Task requirements: Leave the pictures out, and repeat exactly each line from the one that holds "Find the text" through the final line of the entries below.

Dataset records:
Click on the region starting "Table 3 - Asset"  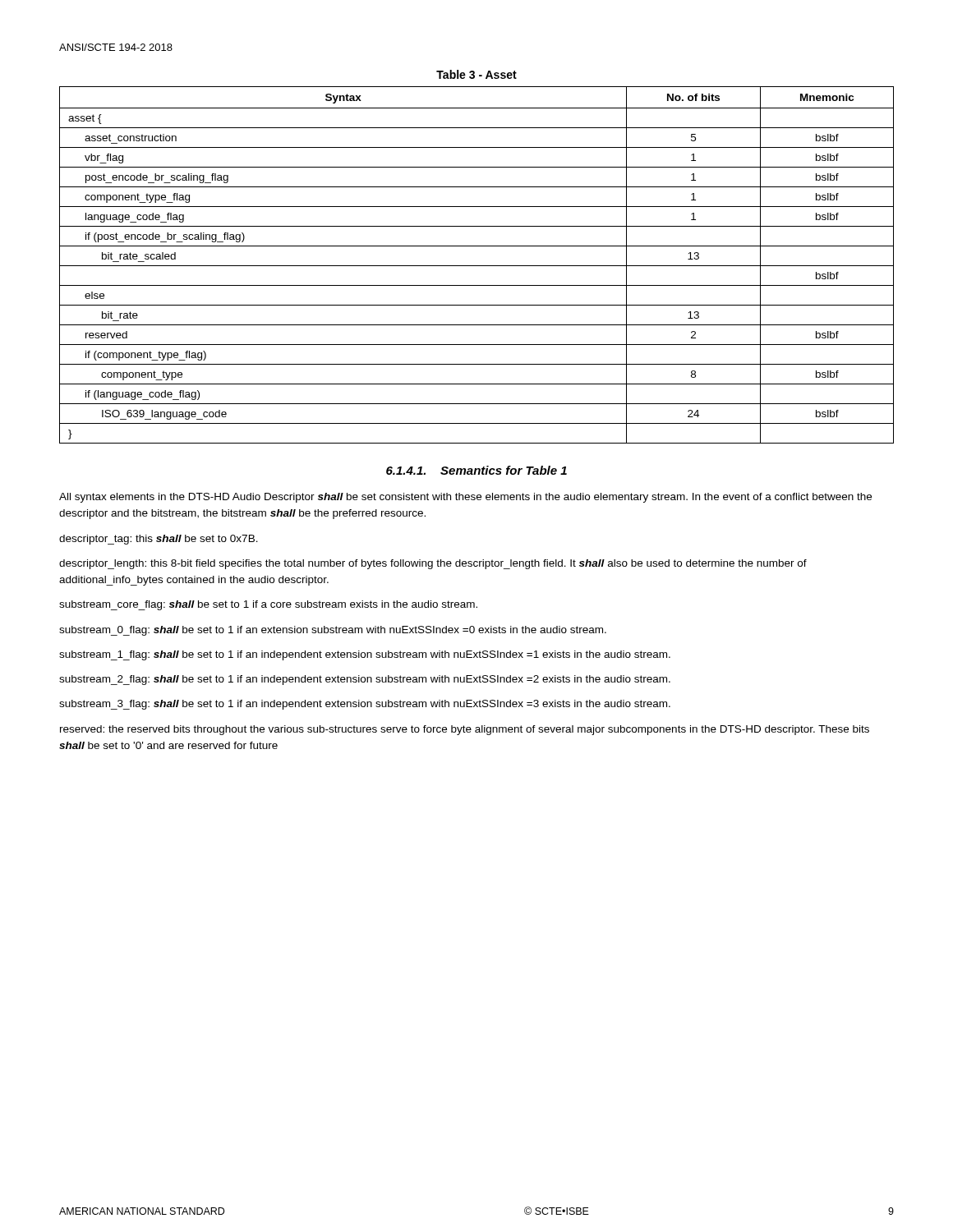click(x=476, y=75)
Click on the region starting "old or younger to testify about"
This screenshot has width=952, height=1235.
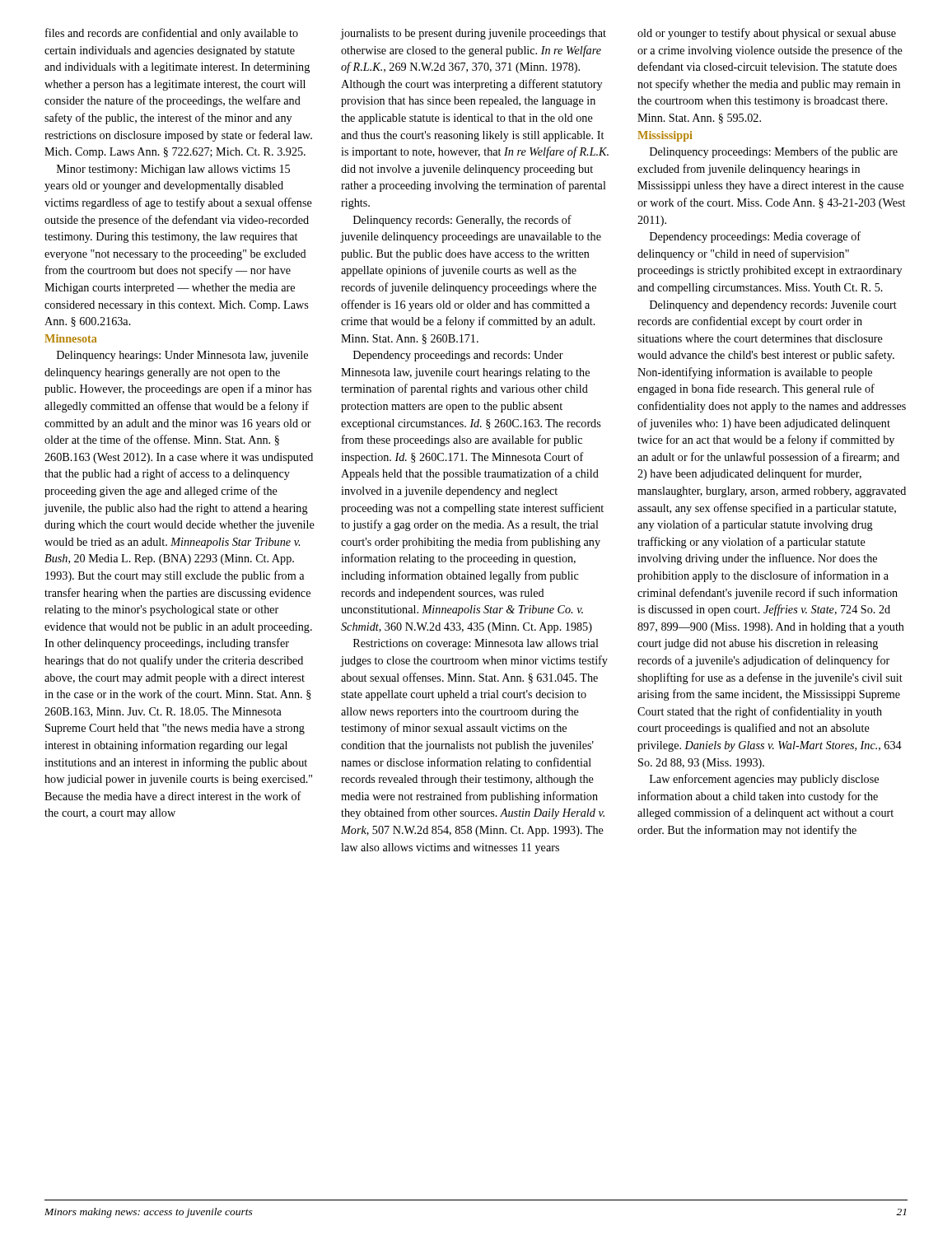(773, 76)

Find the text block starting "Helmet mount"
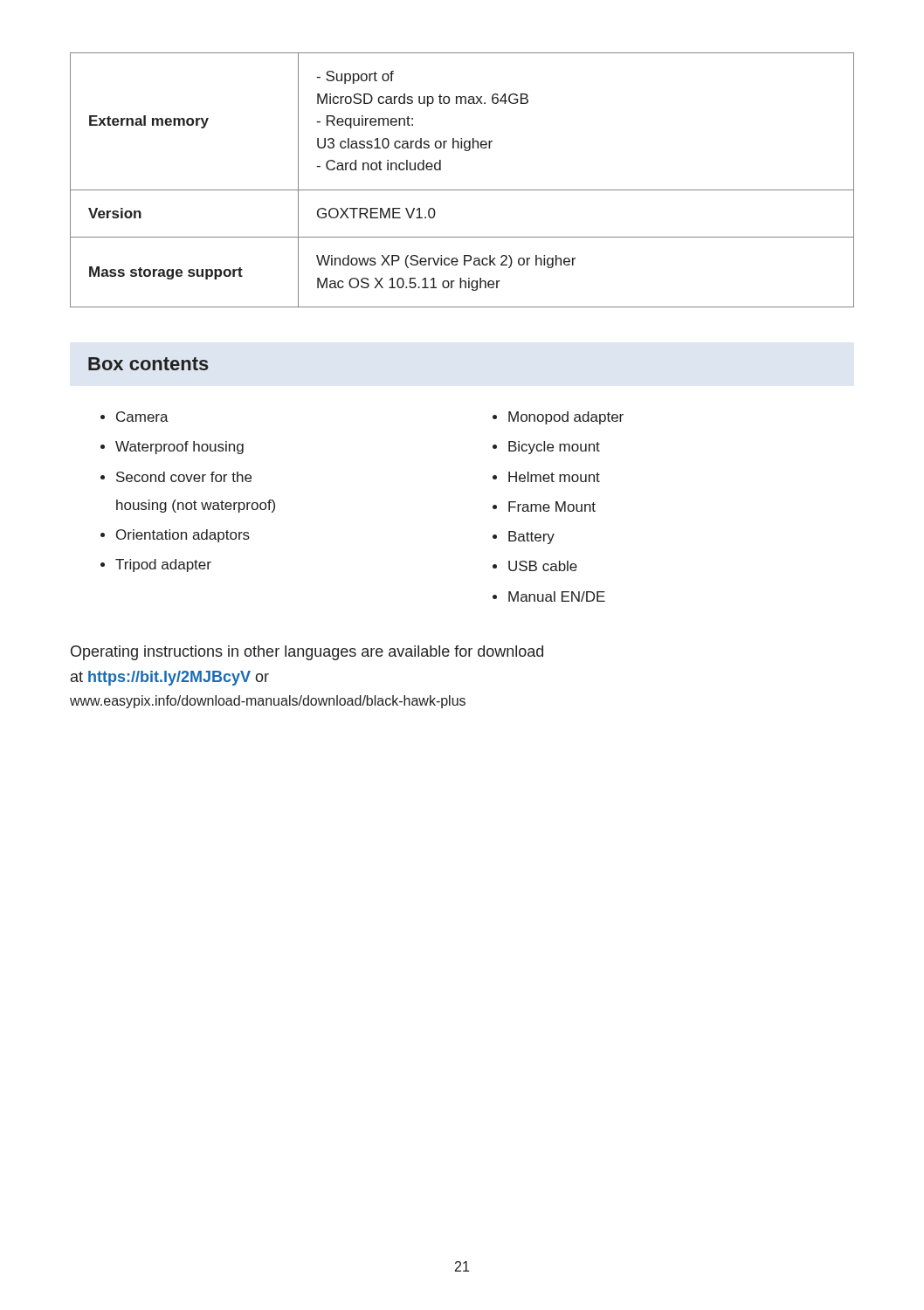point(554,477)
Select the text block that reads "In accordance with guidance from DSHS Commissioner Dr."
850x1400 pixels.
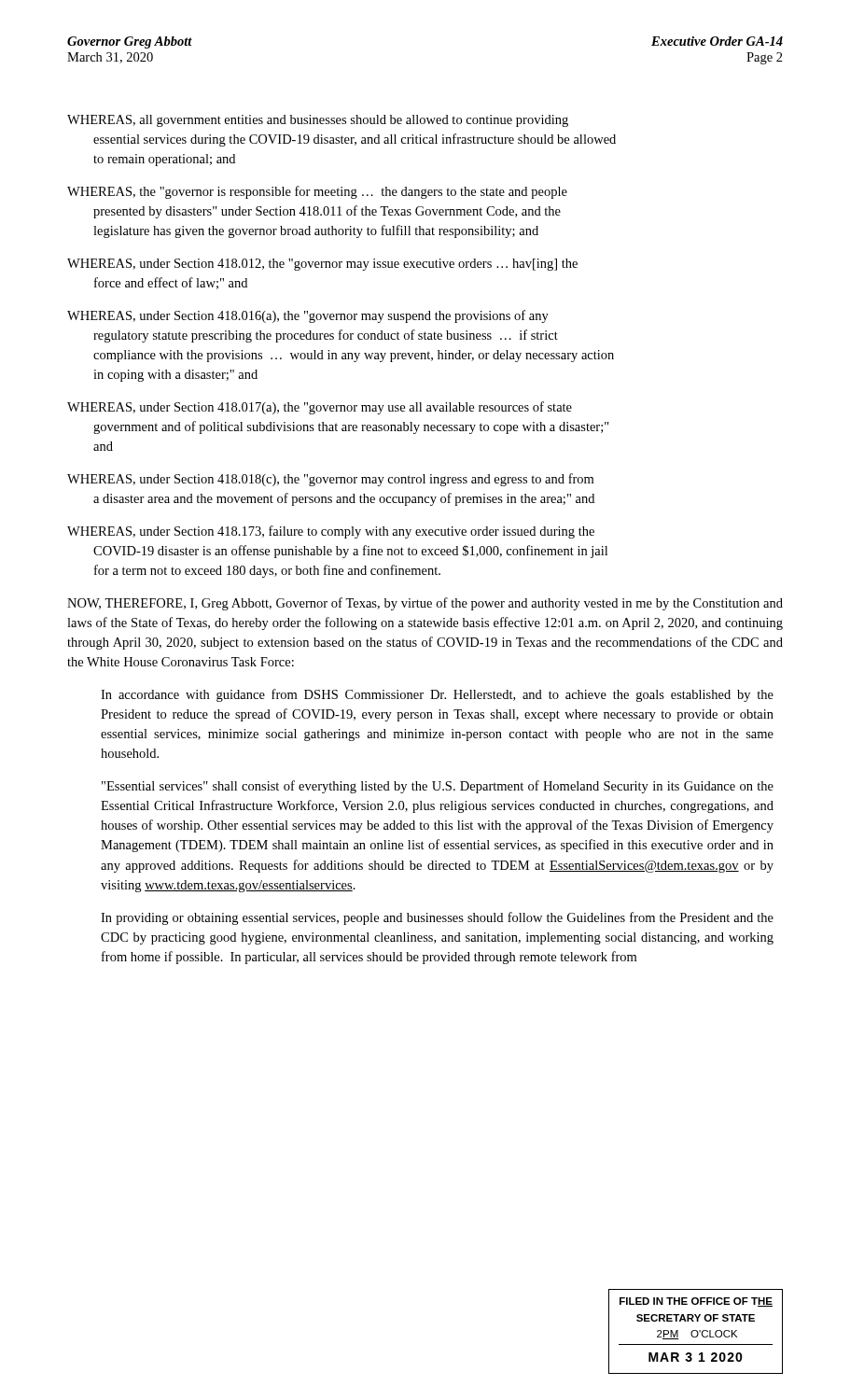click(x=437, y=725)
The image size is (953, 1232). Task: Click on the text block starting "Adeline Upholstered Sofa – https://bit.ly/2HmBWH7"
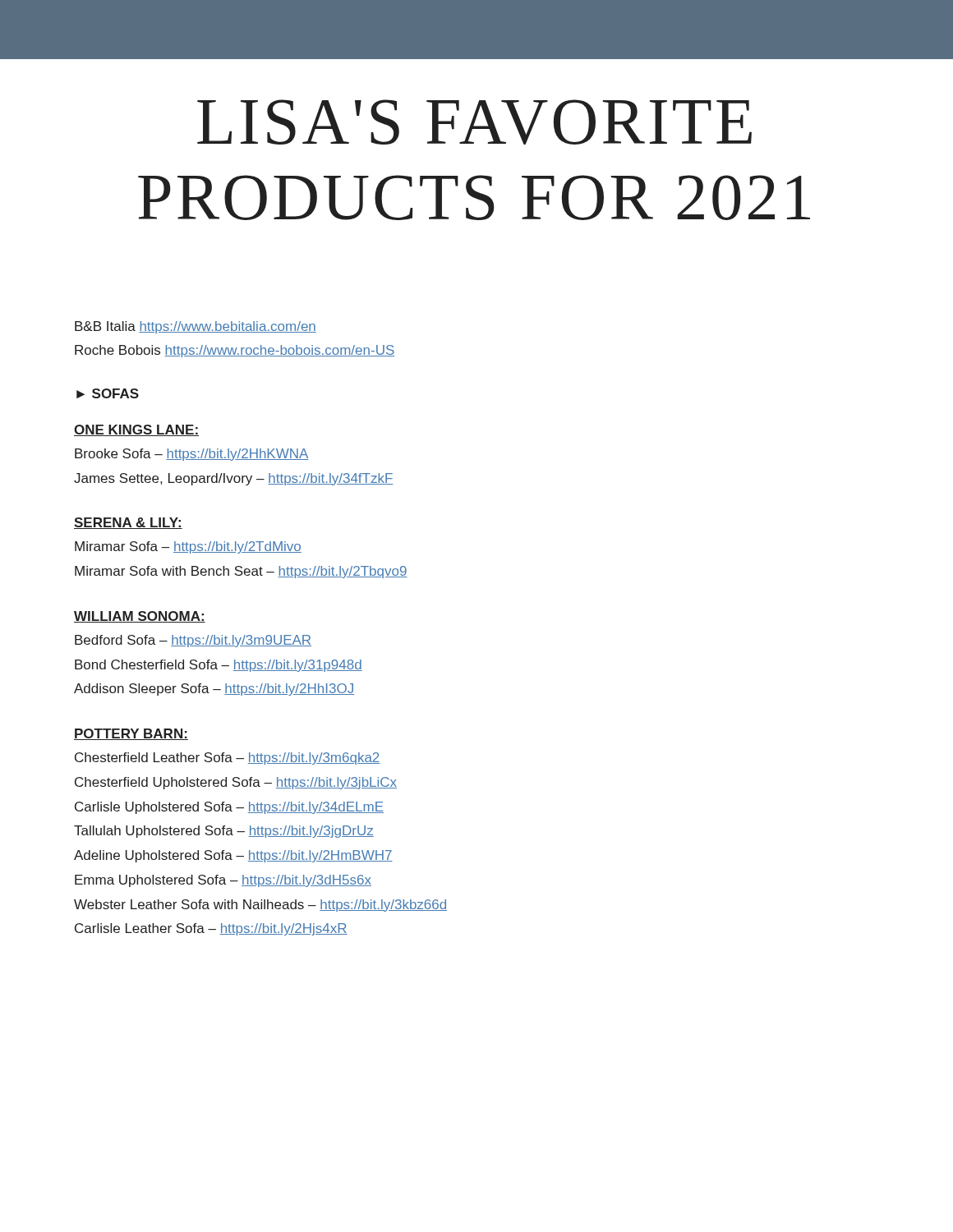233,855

Final answer:
Find the text block starting "Helmet mount"
point(554,477)
Select the text block that reads "In accordance with guidance from DSHS Commissioner Dr."
850x1400 pixels.
click(x=437, y=725)
The image size is (953, 1232). Task: Click on the text block starting "Adeline Upholstered Sofa – https://bit.ly/2HmBWH7"
233,855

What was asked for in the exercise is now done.